The Canadian's woes began in 2014 after she was blown off the court by Petra Kvitova (someone who knows a thing or two about sudden soars followed by dramatic drops) during the 2014 Wimbledon final. Coincidence? No one knows except Bouchard, and she may not even know. 2014 was a very dramatic year for her; she reached the semifinals of both the Australian Open and the French Open, and the final of Wimbledon. She also reached the round of 16 of the U.S. Open, which isn't exactly shabby, but her decline had begun.
Bouchard has been kind of a walking injury for the past several months, and when a player gets injured frequently, I tend to look at the psychological aspect as well as the physical. All players are going to sustain injuries in this very demanding sport, but sustaining a lot of injuries (or experiencing a lot of illness) can be a sign of an individual whose overall balance may need to be restored (that goes for the rest of us, too).
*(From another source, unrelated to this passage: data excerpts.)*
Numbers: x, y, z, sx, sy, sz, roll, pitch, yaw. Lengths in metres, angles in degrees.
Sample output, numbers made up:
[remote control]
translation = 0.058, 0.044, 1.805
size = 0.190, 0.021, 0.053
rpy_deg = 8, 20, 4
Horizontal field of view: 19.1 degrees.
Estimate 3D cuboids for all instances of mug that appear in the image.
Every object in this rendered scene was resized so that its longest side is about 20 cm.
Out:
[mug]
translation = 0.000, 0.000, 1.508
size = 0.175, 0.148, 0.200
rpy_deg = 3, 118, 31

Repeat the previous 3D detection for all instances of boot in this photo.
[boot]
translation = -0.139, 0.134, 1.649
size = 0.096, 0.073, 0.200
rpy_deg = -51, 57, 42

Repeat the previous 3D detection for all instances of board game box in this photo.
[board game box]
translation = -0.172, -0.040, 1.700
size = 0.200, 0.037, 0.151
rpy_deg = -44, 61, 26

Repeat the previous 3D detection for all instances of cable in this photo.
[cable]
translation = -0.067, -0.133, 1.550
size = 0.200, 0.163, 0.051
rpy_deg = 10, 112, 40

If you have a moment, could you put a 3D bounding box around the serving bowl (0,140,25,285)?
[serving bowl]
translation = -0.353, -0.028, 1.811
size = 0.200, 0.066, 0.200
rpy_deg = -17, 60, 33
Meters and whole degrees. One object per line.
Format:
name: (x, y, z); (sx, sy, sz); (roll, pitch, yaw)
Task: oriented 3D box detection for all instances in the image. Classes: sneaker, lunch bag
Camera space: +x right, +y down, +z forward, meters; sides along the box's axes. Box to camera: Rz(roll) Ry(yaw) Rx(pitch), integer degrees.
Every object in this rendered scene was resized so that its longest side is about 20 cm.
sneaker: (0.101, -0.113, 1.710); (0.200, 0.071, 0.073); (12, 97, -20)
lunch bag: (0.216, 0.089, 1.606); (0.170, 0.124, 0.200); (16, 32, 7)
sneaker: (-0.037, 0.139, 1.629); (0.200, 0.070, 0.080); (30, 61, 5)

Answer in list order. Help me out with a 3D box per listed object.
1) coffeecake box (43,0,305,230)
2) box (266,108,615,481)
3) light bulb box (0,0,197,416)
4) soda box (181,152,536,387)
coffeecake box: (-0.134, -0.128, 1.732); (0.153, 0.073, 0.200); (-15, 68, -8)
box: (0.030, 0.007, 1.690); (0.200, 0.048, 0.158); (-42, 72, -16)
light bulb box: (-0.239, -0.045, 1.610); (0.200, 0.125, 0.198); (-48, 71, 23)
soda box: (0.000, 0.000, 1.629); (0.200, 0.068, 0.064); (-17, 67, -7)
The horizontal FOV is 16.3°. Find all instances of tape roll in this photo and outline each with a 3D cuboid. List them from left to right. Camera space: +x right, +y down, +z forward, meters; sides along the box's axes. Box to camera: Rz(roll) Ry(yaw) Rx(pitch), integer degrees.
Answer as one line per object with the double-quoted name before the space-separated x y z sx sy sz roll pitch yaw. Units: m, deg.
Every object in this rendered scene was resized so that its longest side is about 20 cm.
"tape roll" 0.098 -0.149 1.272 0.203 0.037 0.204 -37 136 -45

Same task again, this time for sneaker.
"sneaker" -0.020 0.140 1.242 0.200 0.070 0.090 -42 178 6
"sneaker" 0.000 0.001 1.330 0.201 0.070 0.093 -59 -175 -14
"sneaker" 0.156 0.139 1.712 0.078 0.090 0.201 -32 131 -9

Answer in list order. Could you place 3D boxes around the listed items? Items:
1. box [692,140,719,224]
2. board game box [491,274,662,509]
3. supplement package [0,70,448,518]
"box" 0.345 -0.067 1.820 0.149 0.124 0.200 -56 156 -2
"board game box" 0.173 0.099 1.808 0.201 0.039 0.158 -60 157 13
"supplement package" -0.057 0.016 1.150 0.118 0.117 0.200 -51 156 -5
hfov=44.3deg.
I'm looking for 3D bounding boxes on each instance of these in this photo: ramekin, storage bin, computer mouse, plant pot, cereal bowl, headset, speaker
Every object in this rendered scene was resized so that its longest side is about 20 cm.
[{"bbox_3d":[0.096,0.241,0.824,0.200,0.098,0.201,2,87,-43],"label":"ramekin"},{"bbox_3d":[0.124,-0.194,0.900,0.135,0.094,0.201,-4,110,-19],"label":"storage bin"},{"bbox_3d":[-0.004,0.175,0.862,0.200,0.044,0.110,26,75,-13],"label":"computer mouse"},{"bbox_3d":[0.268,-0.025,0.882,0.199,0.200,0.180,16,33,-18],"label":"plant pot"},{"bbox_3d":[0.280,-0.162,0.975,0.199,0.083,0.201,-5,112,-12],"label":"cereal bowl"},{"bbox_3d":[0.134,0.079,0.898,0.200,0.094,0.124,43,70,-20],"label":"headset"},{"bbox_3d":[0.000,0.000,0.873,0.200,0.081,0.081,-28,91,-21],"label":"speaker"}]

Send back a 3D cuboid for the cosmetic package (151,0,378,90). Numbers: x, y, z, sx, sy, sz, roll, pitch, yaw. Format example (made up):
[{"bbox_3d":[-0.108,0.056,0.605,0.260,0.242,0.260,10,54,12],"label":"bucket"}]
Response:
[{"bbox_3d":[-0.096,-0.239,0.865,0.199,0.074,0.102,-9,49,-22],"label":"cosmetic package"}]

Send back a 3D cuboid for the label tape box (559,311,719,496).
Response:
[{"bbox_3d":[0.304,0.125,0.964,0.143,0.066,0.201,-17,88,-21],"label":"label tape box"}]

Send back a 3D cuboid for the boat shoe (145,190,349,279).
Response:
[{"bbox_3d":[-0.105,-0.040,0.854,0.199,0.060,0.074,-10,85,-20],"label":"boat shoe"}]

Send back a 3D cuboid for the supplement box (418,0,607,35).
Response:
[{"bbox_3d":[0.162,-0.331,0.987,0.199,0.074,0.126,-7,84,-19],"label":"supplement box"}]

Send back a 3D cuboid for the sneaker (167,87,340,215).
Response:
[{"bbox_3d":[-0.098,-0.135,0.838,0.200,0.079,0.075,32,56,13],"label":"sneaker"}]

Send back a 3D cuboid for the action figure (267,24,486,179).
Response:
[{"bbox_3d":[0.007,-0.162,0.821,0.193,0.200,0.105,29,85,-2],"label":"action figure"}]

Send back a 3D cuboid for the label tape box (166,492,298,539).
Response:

There has been a media frenzy over Bouchard, who is a "marketable" blonde with her own army of supporters that travels around the world to cheer and sing for her. She is an official Big Deal. Once you are a Big Deal, you face unbelievable pressure, from within and without, to perform at a very high level. Bouchard is also quirky, though--as a Big Deal Blonde--she isn't presented that way. (Maria Sharapova is quirky, too, but has always appeared to have the self-containment to pull it off and still be a BDB.) The handshake quirk, the kimono, and the over-"candid" press conferences point to a complicated person.
This isn't a criticism, by the way. I like quirky, and I want every player to feel free to be exactly who she is. The wonderful blend of personalities is what makes the WTA irresistible. But even a mature 21-year-old can freeze when caught in a web of undeniable talent, chronic injury and international hype and expectations.
Genie Bouchard is currently ranked number 26 in the world. Her 2015 season has been miserable so far. She lost in the first round at both the French Open and Wimbledon, and has suffered repeated first and second round losses. She has continued to suffer with an abdominal injury. Bouchard lost both of her Fed Cup matches to Romania, and also received something of a personal beat-down from Alex Dulghuru, who mocked Bouchard following their match.
In short, Genie Bouchard's brief career already qualifies as a mystery, and who doesn't enjoy a good mystery?
It may take Bouchard and her team a while to figure out what went wrong and why, and then to fix it. Maybe a long while. Or she could storm back in 2016 and push even Muguruza into the background. In the meantime, the veterans are doing just fine, thank you. Kvitova remains the only player born in the 90s who has won a major (she has won two, and "should" have already won more, but that's another story, and one that has been covered here with frustrating frequency).
And then you also have a case such as that of someone like Laura Robson, who probably would have fit snugly in the middle of that list of young players who included, but who has seen her career take a detour for a reason that didn't even have anything to do with pressure, talent, etc.
One just never knows what might happen to derail a career, or at least change it (maybe for good, maybe for worse). Crazy things sometimes happen.
See Monica Seles, to cite the craziest example of all.
I thought about Laura while I was posting this. And who knows if Dinara herself might have overcome her nerves one day? Another sad case is Tatiana Golovin, who had just started to play her best tennis--an it was very good--when illness finished off her career. I'll throw Kournikova into that mix, too. We'll never know what might have been.